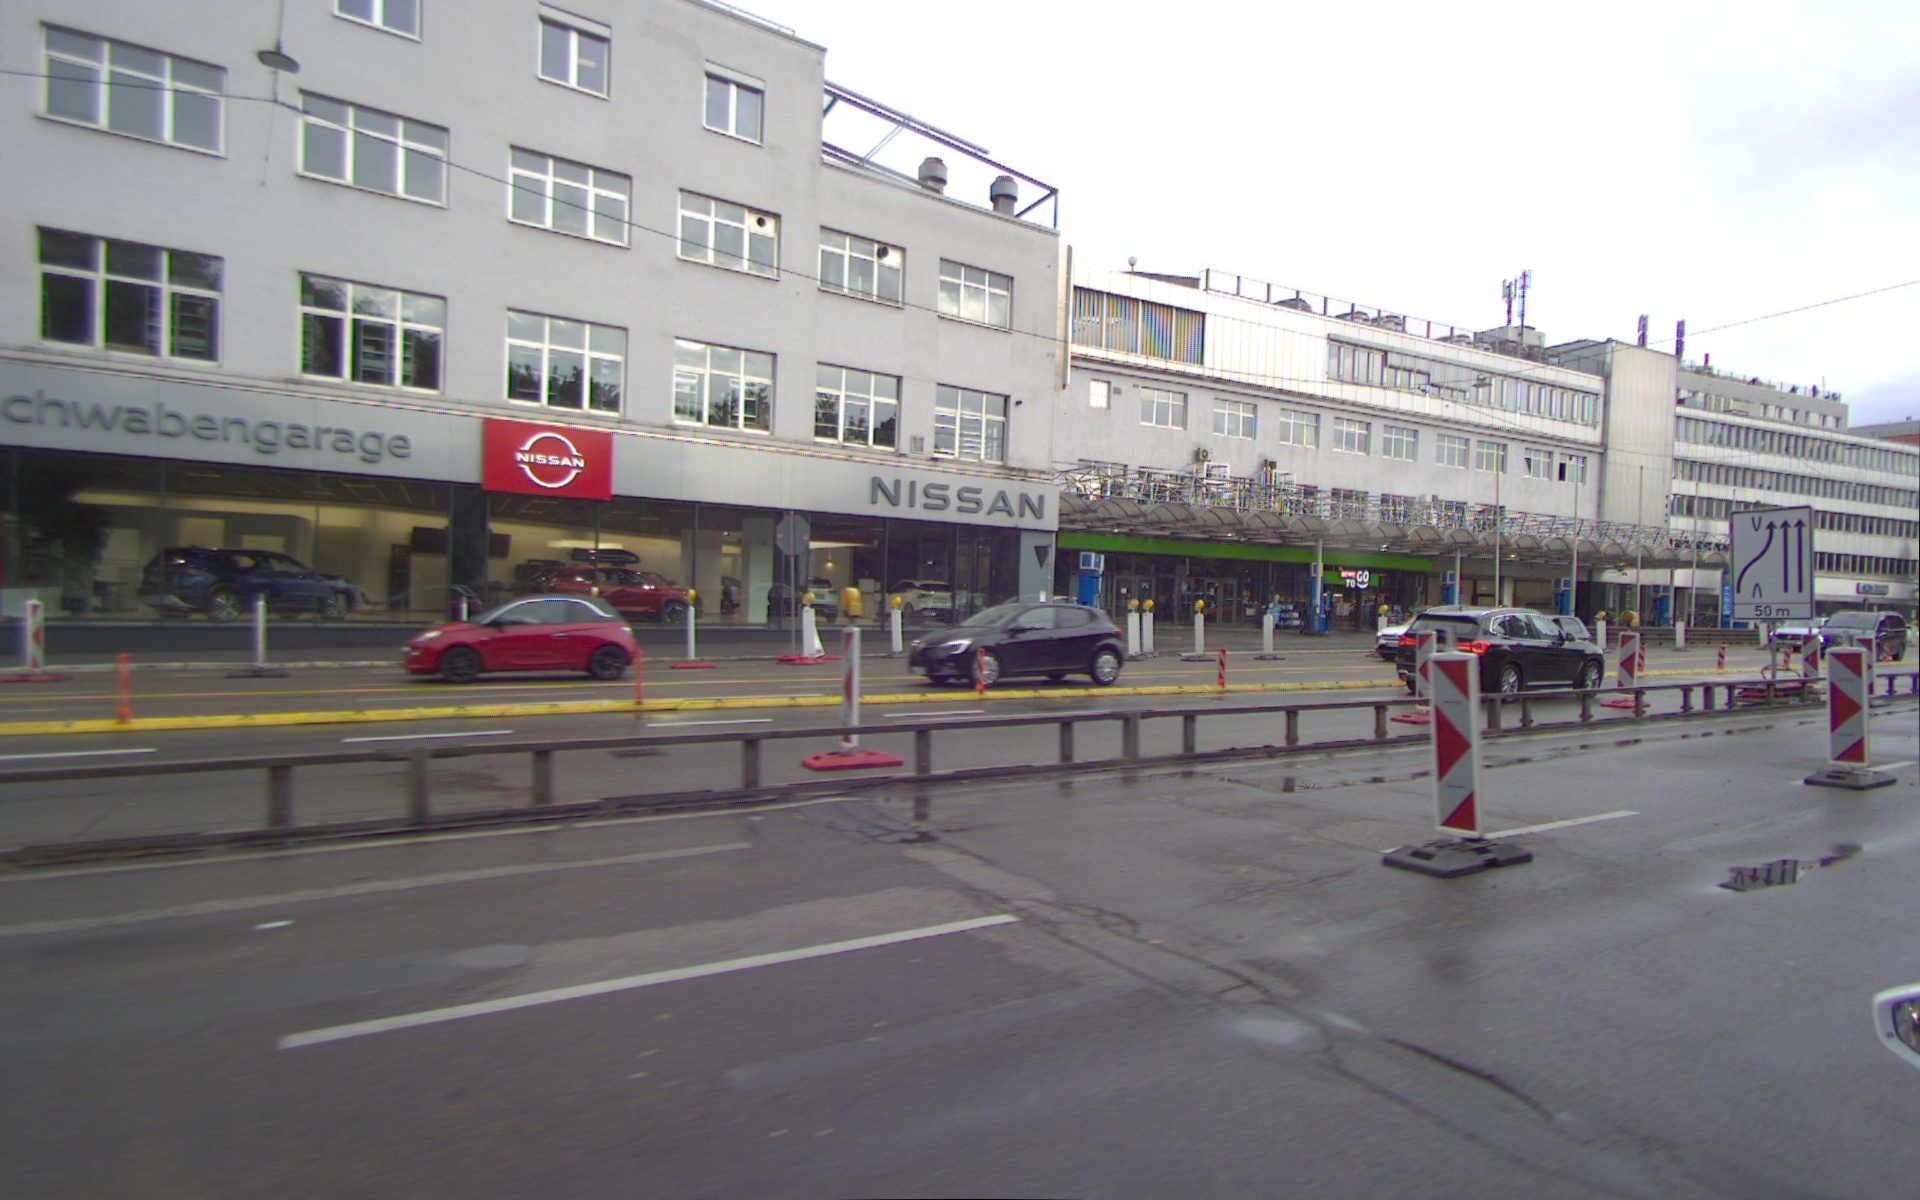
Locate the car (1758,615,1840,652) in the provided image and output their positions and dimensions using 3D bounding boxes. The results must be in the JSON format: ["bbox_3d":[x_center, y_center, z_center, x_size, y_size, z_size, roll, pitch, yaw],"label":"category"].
[{"bbox_3d":[38.761,1.526,46.404,4.219,1.606,1.737,2,0,-33],"label":"car"}]

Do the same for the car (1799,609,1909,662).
[{"bbox_3d":[35.133,1.377,39.455,5.176,1.962,1.982,2,-1,-34],"label":"car"}]

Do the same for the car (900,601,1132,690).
[{"bbox_3d":[1.017,0.773,17.818,3.761,1.405,1.789,2,0,-31],"label":"car"}]

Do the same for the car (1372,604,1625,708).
[{"bbox_3d":[10.120,0.954,18.816,4.613,1.619,1.938,0,4,-30],"label":"car"}]

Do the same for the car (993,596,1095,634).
[{"bbox_3d":[3.510,0.628,41.636,3.923,1.502,1.803,2,0,-32],"label":"car"}]

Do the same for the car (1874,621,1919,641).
[{"bbox_3d":[75.304,2.503,80.692,3.709,1.555,1.646,2,0,-28],"label":"car"}]

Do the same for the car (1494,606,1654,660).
[{"bbox_3d":[17.101,0.924,27.907,4.757,1.369,1.789,2,0,-31],"label":"car"}]

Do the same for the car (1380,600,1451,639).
[{"bbox_3d":[22.458,0.973,49.718,1.927,1.794,4.449,1,-1,7],"label":"car"}]

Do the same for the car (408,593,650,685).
[{"bbox_3d":[-7.402,0.656,17.317,3.664,1.433,1.726,2,0,-30],"label":"car"}]
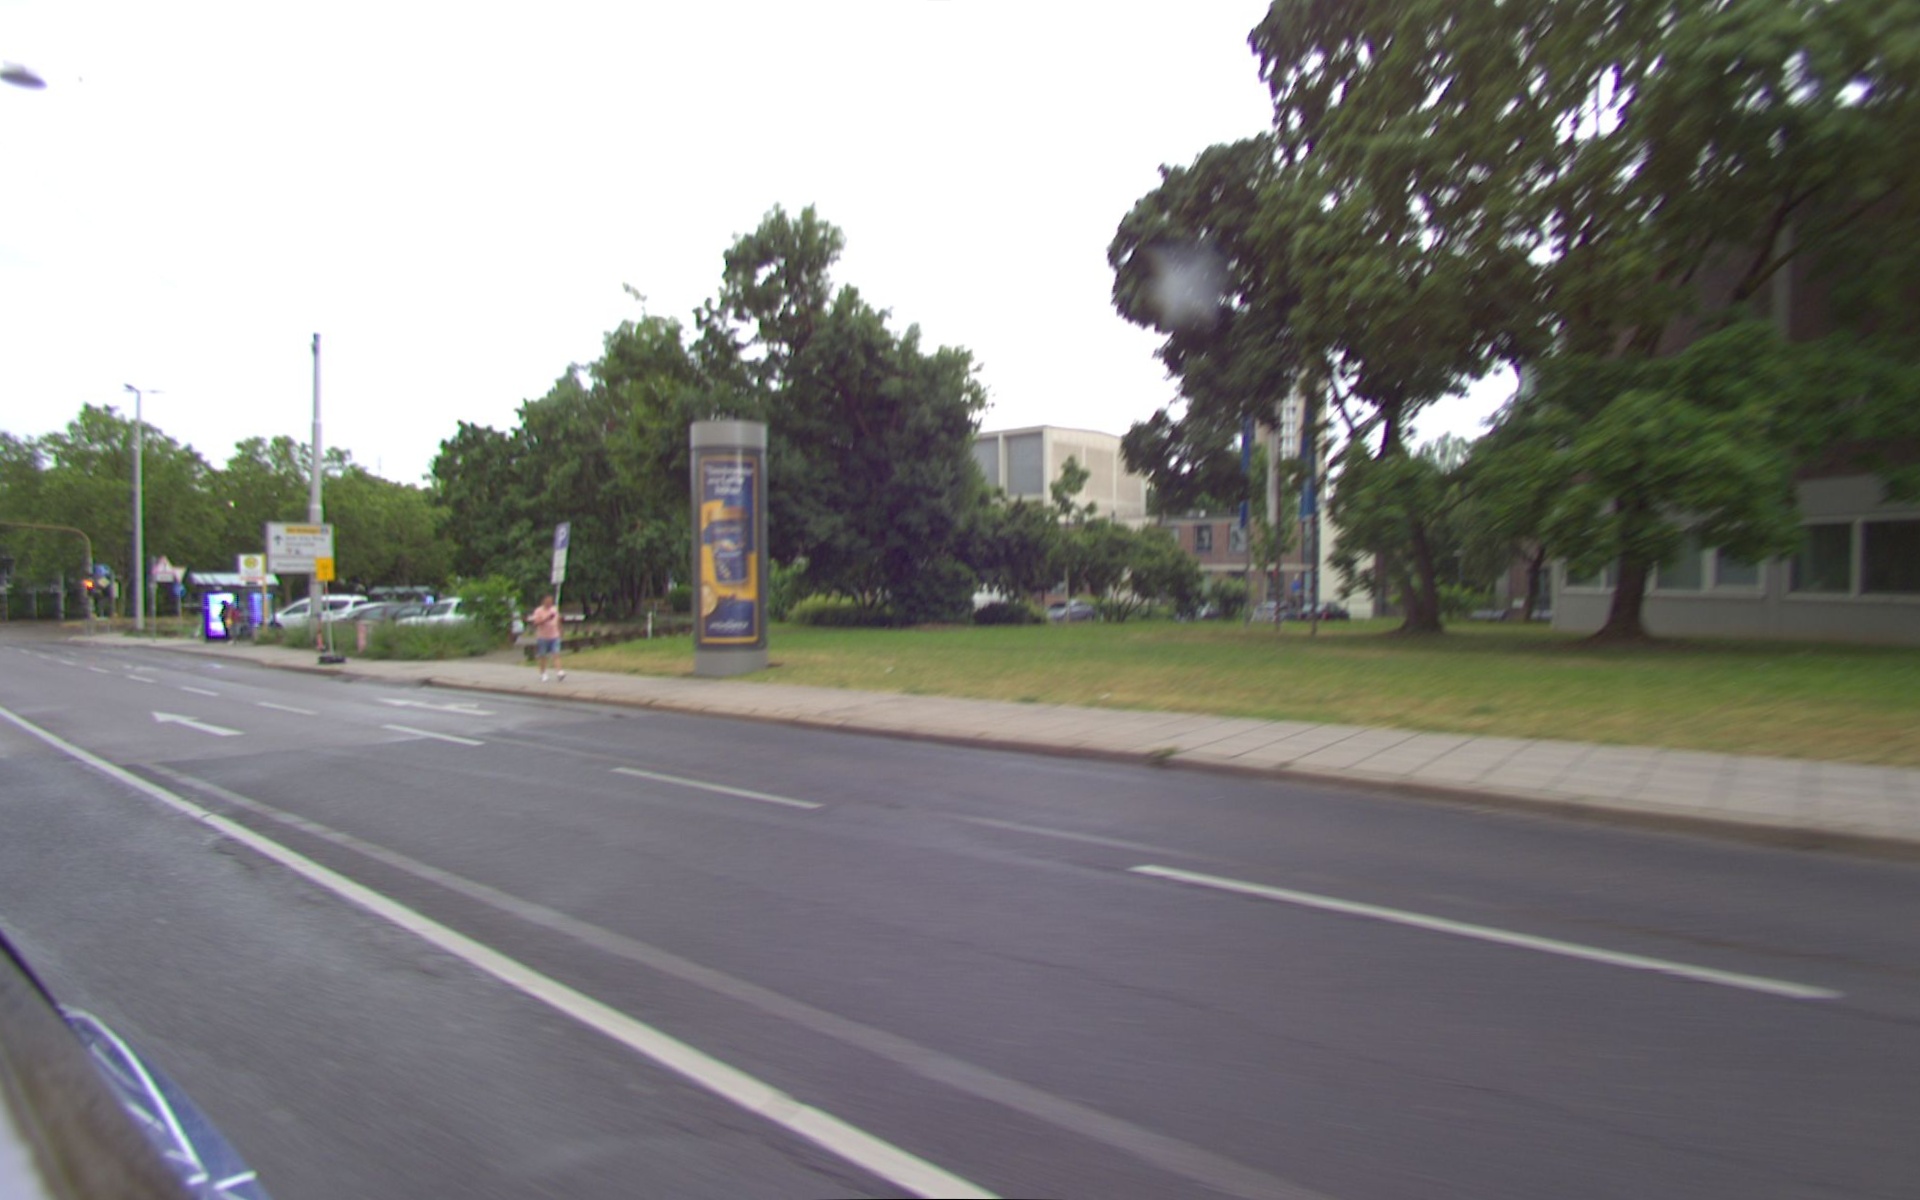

# [What the task requires]
Reproduce the listing exactly, images omitted.

# [Reply to the task]
Locate the car (1758,615,1840,652) in the provided image and output their positions and dimensions using 3D bounding boxes. The results must be in the JSON format: ["bbox_3d":[x_center, y_center, z_center, x_size, y_size, z_size, roll, pitch, yaw],"label":"category"].
[{"bbox_3d":[38.761,1.526,46.404,4.219,1.606,1.737,2,0,-33],"label":"car"}]

Do the same for the car (1799,609,1909,662).
[{"bbox_3d":[35.133,1.377,39.455,5.176,1.962,1.982,2,-1,-34],"label":"car"}]

Do the same for the car (900,601,1132,690).
[{"bbox_3d":[1.017,0.773,17.818,3.761,1.405,1.789,2,0,-31],"label":"car"}]

Do the same for the car (1372,604,1625,708).
[{"bbox_3d":[10.120,0.954,18.816,4.613,1.619,1.938,0,4,-30],"label":"car"}]

Do the same for the car (993,596,1095,634).
[{"bbox_3d":[3.510,0.628,41.636,3.923,1.502,1.803,2,0,-32],"label":"car"}]

Do the same for the car (1874,621,1919,641).
[{"bbox_3d":[75.304,2.503,80.692,3.709,1.555,1.646,2,0,-28],"label":"car"}]

Do the same for the car (1494,606,1654,660).
[{"bbox_3d":[17.101,0.924,27.907,4.757,1.369,1.789,2,0,-31],"label":"car"}]

Do the same for the car (1380,600,1451,639).
[{"bbox_3d":[22.458,0.973,49.718,1.927,1.794,4.449,1,-1,7],"label":"car"}]

Do the same for the car (408,593,650,685).
[{"bbox_3d":[-7.402,0.656,17.317,3.664,1.433,1.726,2,0,-30],"label":"car"}]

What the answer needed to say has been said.